WHAT THE EXERCISE ASKS:
Without adding anything, give again the lines from the one holding "Format example (made" through the final line of the records, exactly, with both ends included and pictures dropped.

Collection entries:
★ ★ ★ ★

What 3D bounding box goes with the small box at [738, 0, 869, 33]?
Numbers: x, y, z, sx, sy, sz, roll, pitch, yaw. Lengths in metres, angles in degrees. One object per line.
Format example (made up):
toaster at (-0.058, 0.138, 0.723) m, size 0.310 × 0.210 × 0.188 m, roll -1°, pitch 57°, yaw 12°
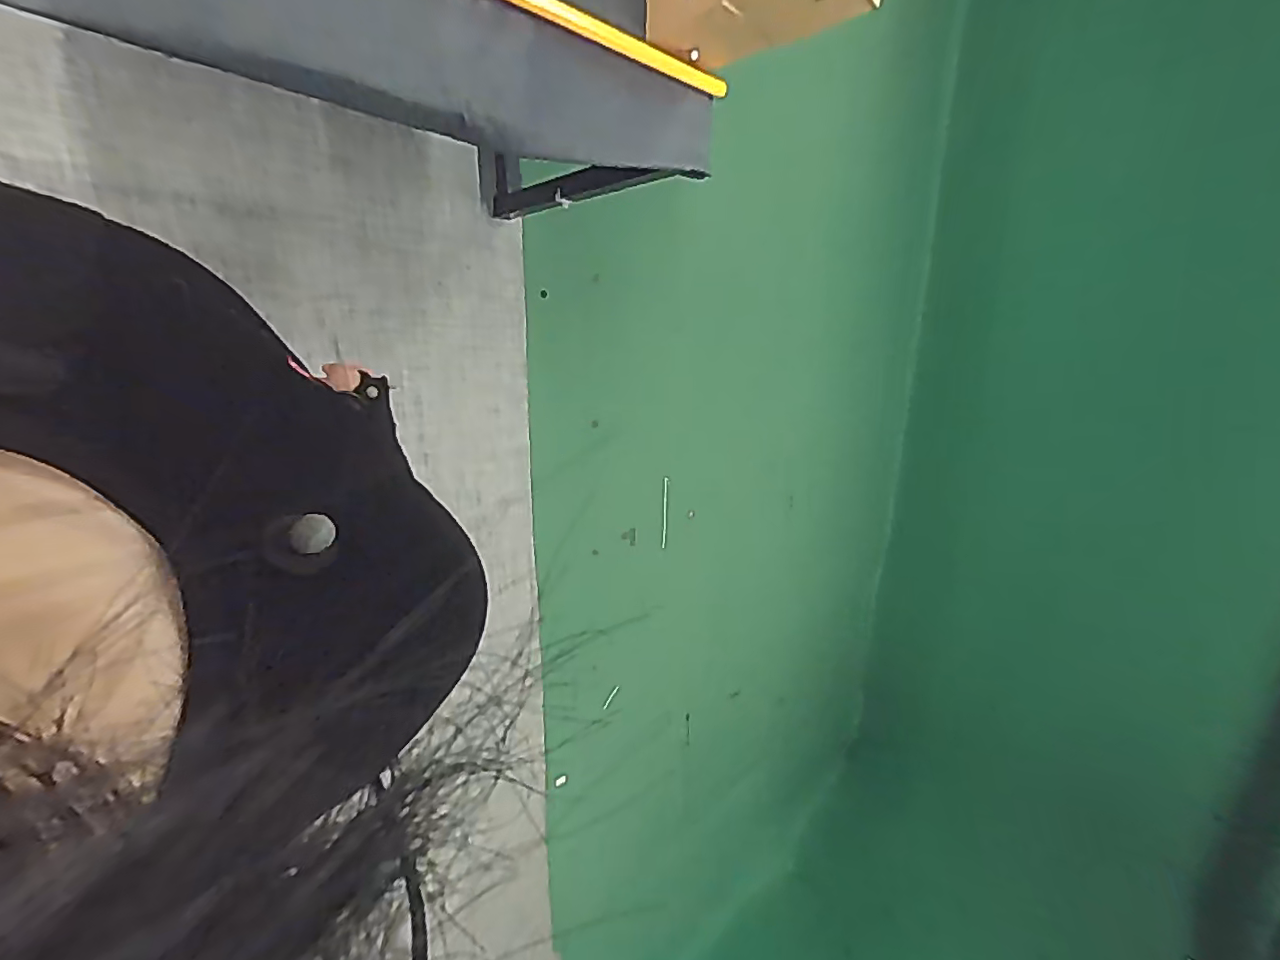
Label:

★ ★ ★ ★

RESULT OF THIS TASK:
Format example (made up):
toaster at (-0.058, 0.138, 0.723) m, size 0.310 × 0.210 × 0.188 m, roll -1°, pitch 57°, yaw 12°
Label:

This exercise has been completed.